**Task to complete:**
The following data has a line with "subtitle ZigBeeGeneralData16 [90, 1200, 1151, 1234]" and a line with "table_header Page [1091, 585, 1146, 638]". Write out exactly those lines and all the lines between them.

**Extracted entries:**

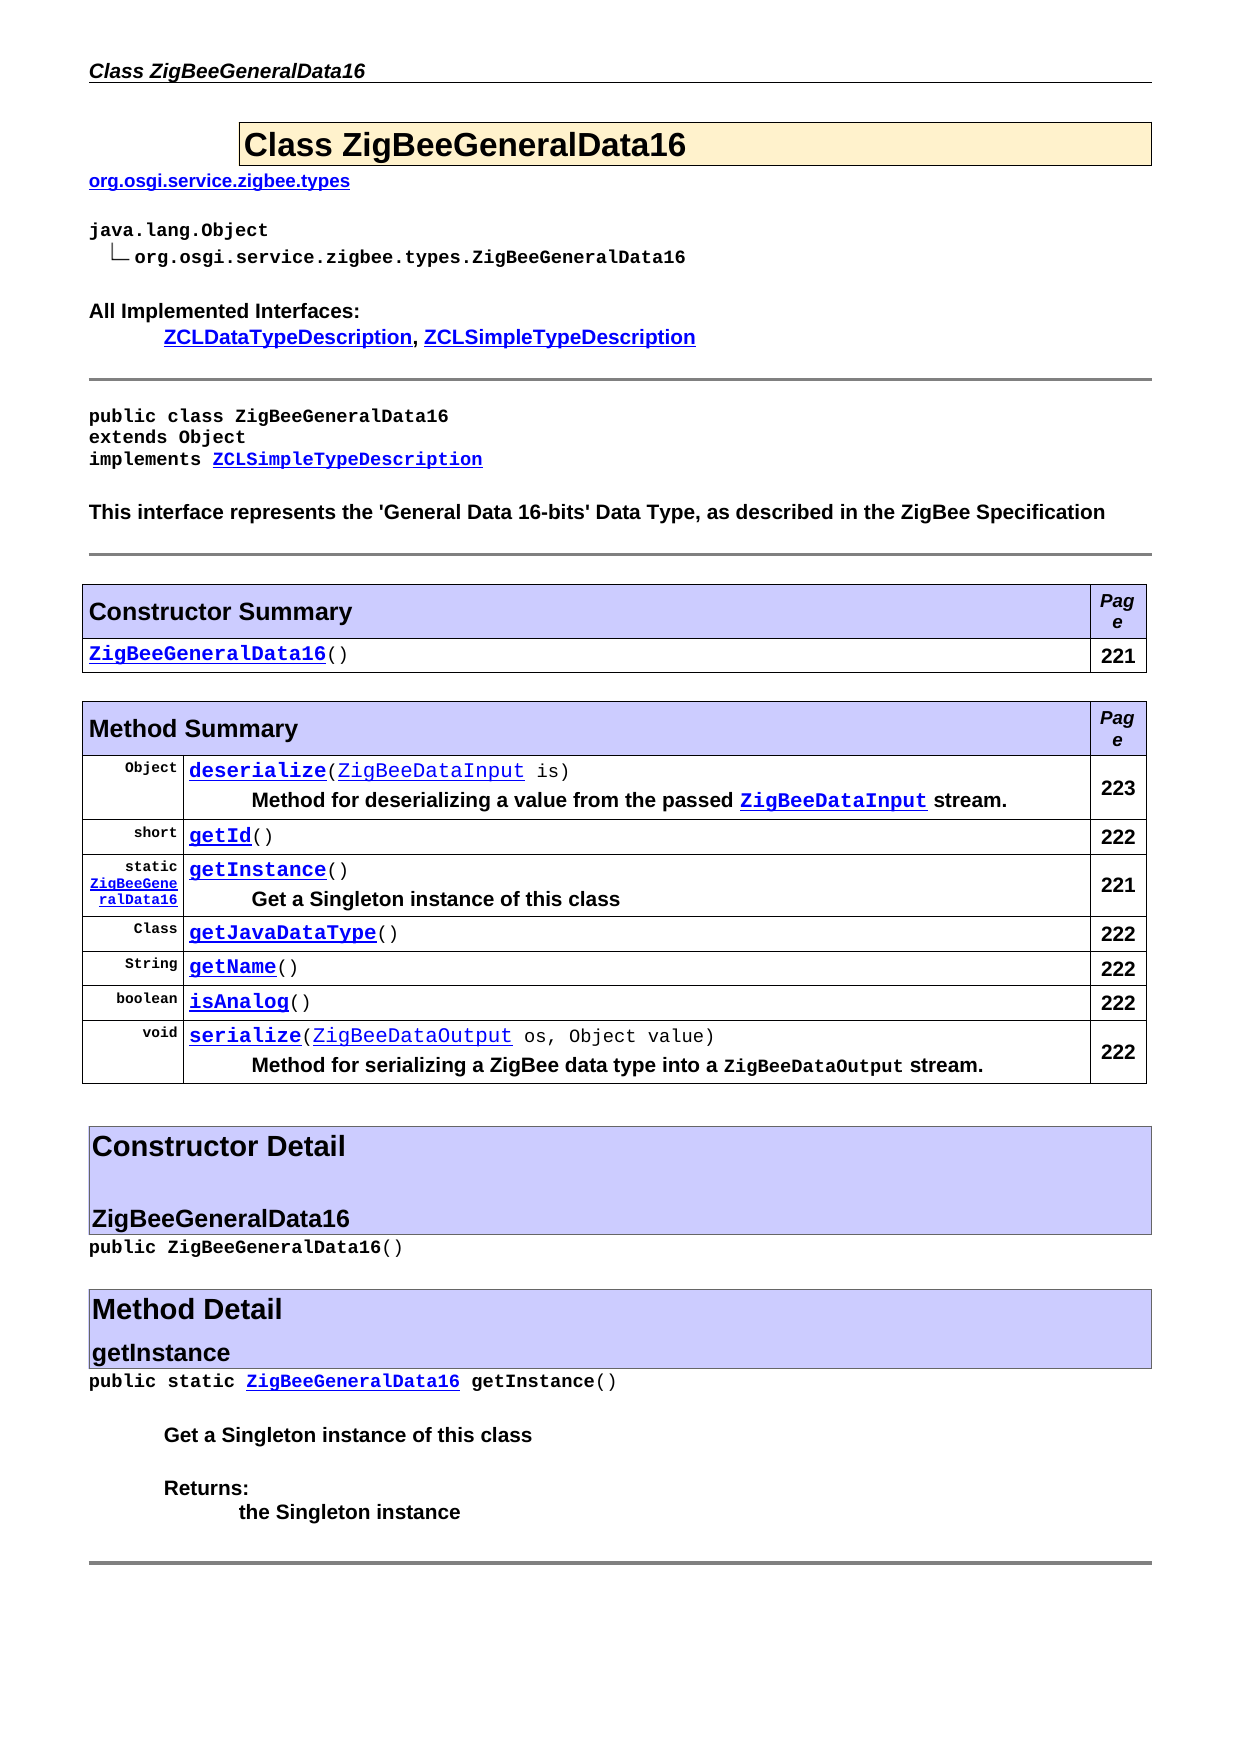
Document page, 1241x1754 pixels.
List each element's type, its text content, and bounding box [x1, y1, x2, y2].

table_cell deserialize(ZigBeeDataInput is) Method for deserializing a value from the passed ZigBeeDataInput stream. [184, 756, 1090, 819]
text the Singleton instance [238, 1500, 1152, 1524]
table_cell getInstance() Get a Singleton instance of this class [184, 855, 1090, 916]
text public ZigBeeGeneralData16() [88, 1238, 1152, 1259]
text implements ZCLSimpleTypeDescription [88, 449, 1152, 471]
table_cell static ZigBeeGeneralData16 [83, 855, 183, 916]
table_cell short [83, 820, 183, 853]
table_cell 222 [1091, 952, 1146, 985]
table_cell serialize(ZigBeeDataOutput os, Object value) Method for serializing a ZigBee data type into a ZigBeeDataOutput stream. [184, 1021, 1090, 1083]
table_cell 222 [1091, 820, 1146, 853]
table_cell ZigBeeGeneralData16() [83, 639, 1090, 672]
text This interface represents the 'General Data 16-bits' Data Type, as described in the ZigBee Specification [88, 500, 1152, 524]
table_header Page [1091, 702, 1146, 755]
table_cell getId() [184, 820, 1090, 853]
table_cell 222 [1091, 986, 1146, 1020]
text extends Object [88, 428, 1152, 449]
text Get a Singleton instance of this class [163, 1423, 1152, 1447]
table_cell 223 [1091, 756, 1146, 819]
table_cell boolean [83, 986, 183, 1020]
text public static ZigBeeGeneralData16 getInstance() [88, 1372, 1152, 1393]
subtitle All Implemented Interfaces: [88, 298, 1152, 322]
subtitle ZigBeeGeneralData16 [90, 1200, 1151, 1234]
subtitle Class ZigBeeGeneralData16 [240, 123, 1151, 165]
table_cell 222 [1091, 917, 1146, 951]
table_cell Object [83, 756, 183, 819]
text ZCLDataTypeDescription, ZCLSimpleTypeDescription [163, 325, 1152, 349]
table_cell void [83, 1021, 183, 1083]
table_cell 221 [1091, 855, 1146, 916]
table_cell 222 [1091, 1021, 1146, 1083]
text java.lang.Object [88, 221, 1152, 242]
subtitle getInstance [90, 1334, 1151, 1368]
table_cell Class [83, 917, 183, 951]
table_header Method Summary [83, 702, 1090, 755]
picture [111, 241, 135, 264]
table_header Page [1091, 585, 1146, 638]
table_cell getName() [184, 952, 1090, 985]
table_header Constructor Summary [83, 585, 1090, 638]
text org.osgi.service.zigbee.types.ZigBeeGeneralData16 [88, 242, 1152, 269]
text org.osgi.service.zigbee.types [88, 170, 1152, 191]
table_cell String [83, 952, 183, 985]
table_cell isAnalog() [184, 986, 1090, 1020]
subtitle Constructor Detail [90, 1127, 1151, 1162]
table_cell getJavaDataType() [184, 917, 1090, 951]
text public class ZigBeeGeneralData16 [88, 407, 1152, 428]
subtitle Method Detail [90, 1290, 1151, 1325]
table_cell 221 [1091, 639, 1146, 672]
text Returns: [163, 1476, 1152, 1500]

**Problem solution:**
subtitle ZigBeeGeneralData16 [90, 1200, 1151, 1234]
subtitle Class ZigBeeGeneralData16 [240, 123, 1151, 165]
table_cell 222 [1091, 917, 1146, 951]
table_cell Object [83, 756, 183, 819]
text ZCLDataTypeDescription, ZCLSimpleTypeDescription [163, 325, 1152, 349]
table_cell void [83, 1021, 183, 1083]
table_cell 221 [1091, 855, 1146, 916]
table_cell 222 [1091, 1021, 1146, 1083]
text java.lang.Object [88, 221, 1152, 242]
subtitle getInstance [90, 1334, 1151, 1368]
table_cell Class [83, 917, 183, 951]
table_header Method Summary [83, 702, 1090, 755]
picture [111, 241, 135, 264]
table_header Page [1091, 585, 1146, 638]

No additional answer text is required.